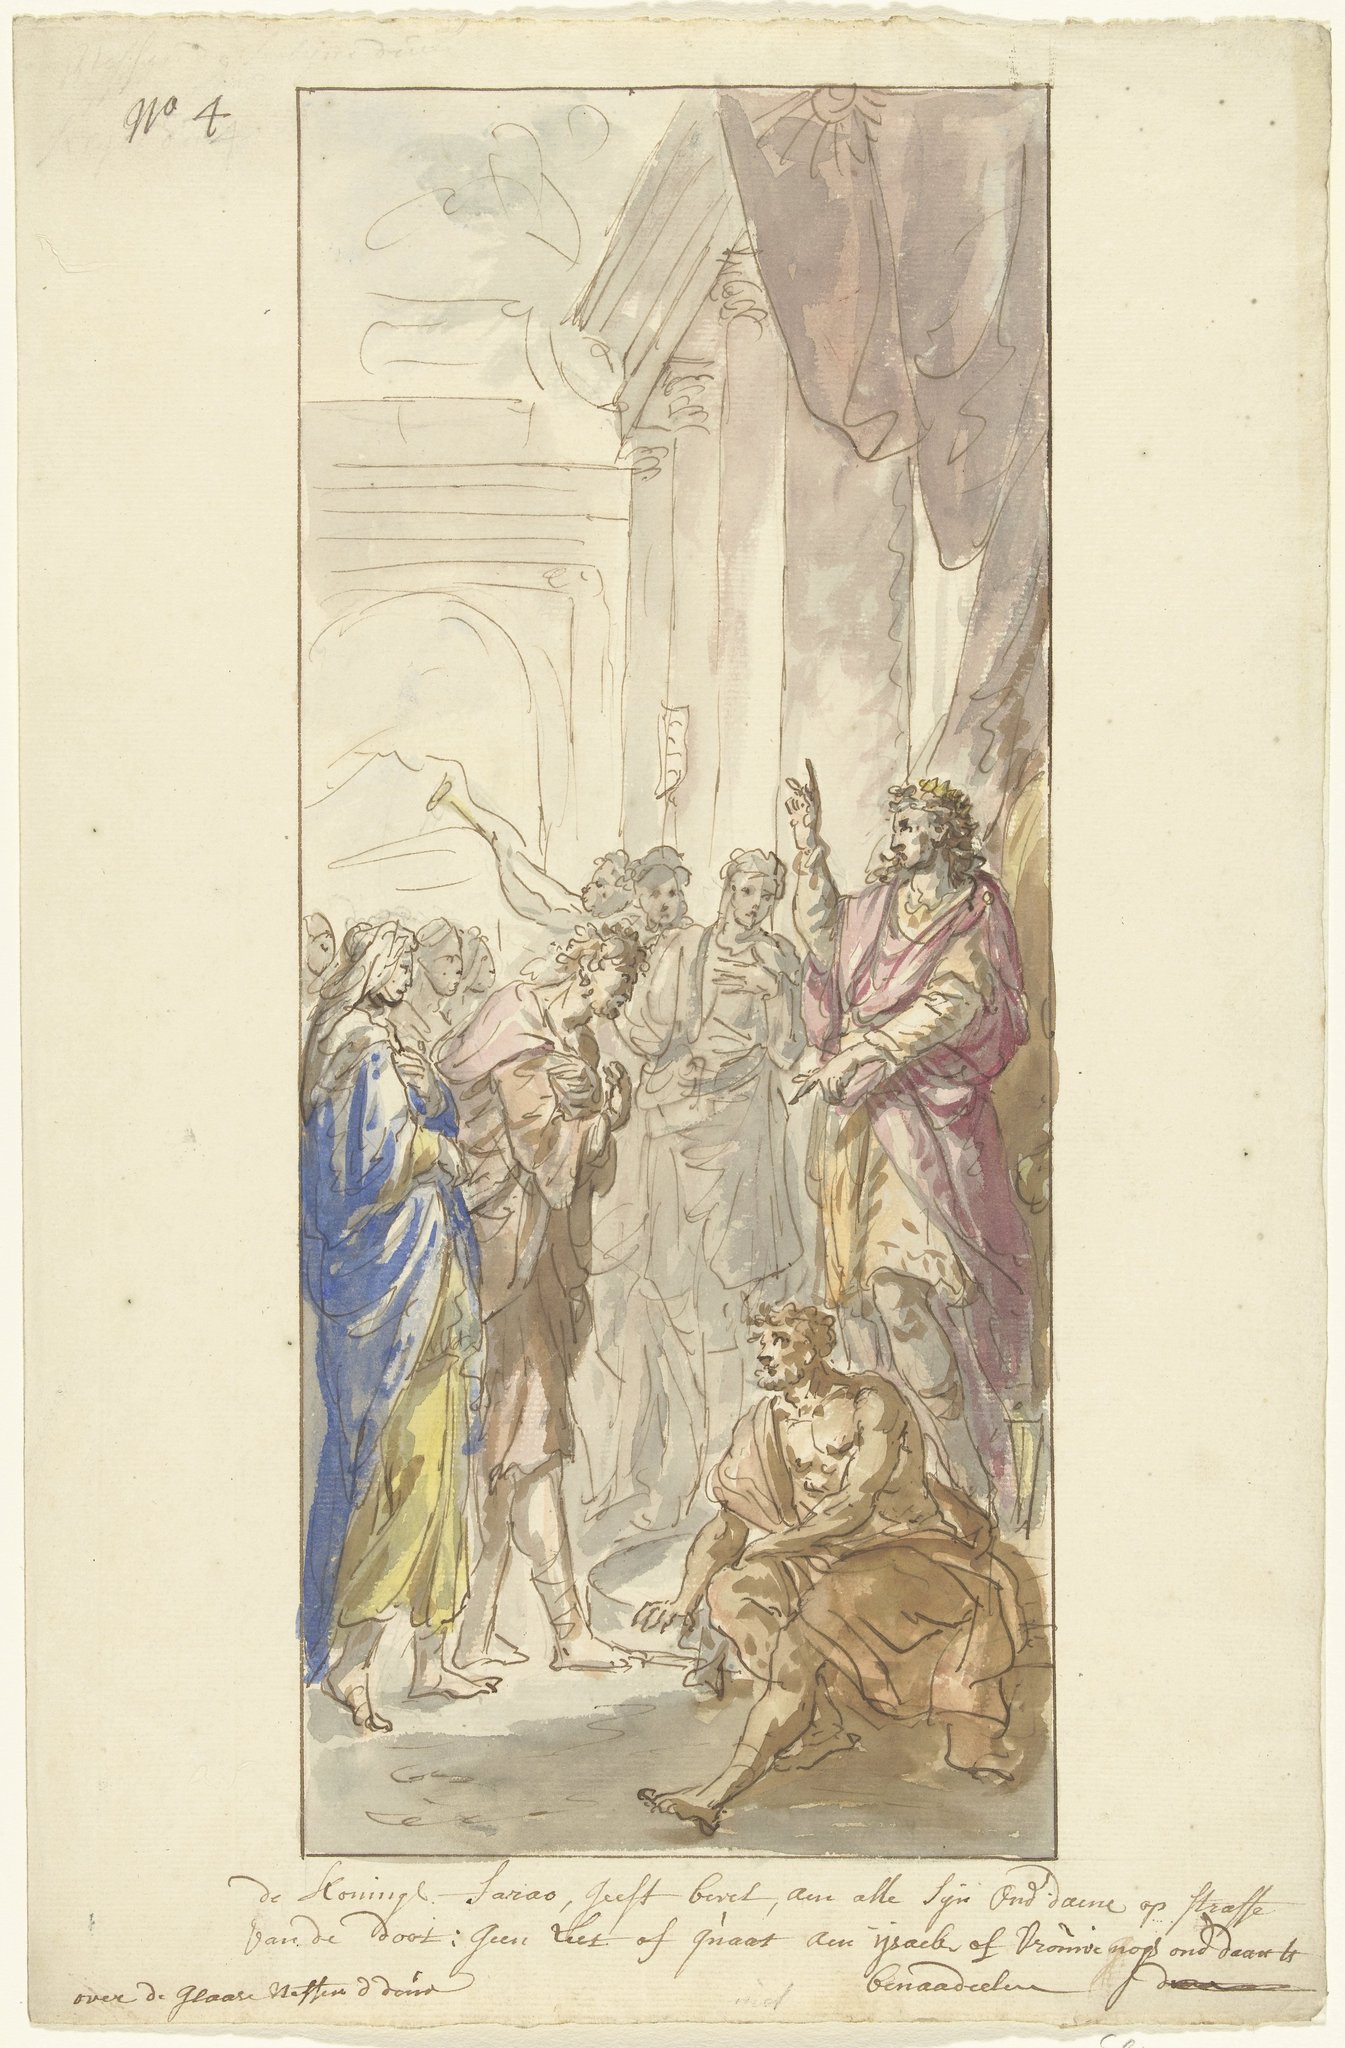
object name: design
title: Izaäk en Rebekka voor Abimelech
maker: elias van nijmegen
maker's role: draughtsman, painter
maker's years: 1667-1755
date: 1677-1755
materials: ink, paper, pencil, watercolor
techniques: brush, pen
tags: isaac and rebekah before abimelech
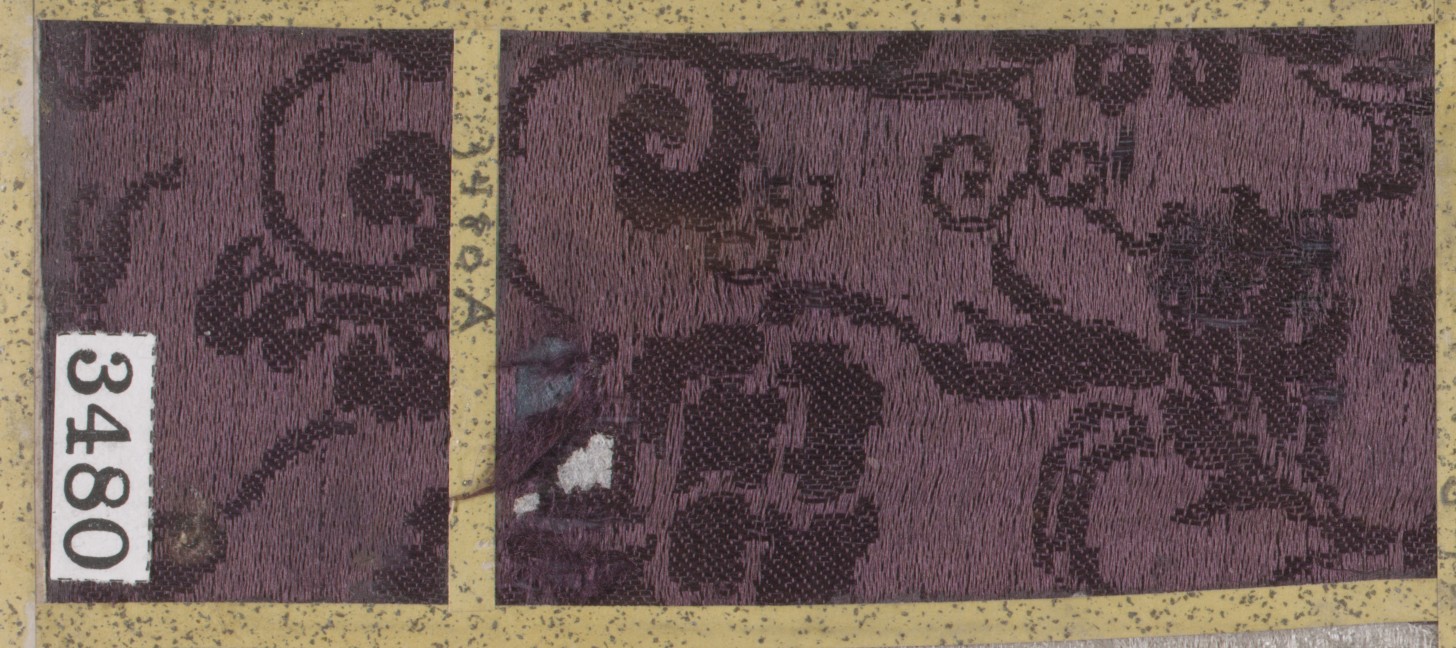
....................
__WORK TO BE COMPLETED__
Only the lines from the one holding "title: Izaäk en Rebekka voor Abimelech" to the last line of the entries above should be printed, exactly as they appear and with no pictures.

__TASK ANSWER__
title: Izaäk en Rebekka voor Abimelech
maker: elias van nijmegen
maker's role: draughtsman, painter
maker's years: 1667-1755
date: 1677-1755
materials: ink, paper, pencil, watercolor
techniques: brush, pen
tags: isaac and rebekah before abimelech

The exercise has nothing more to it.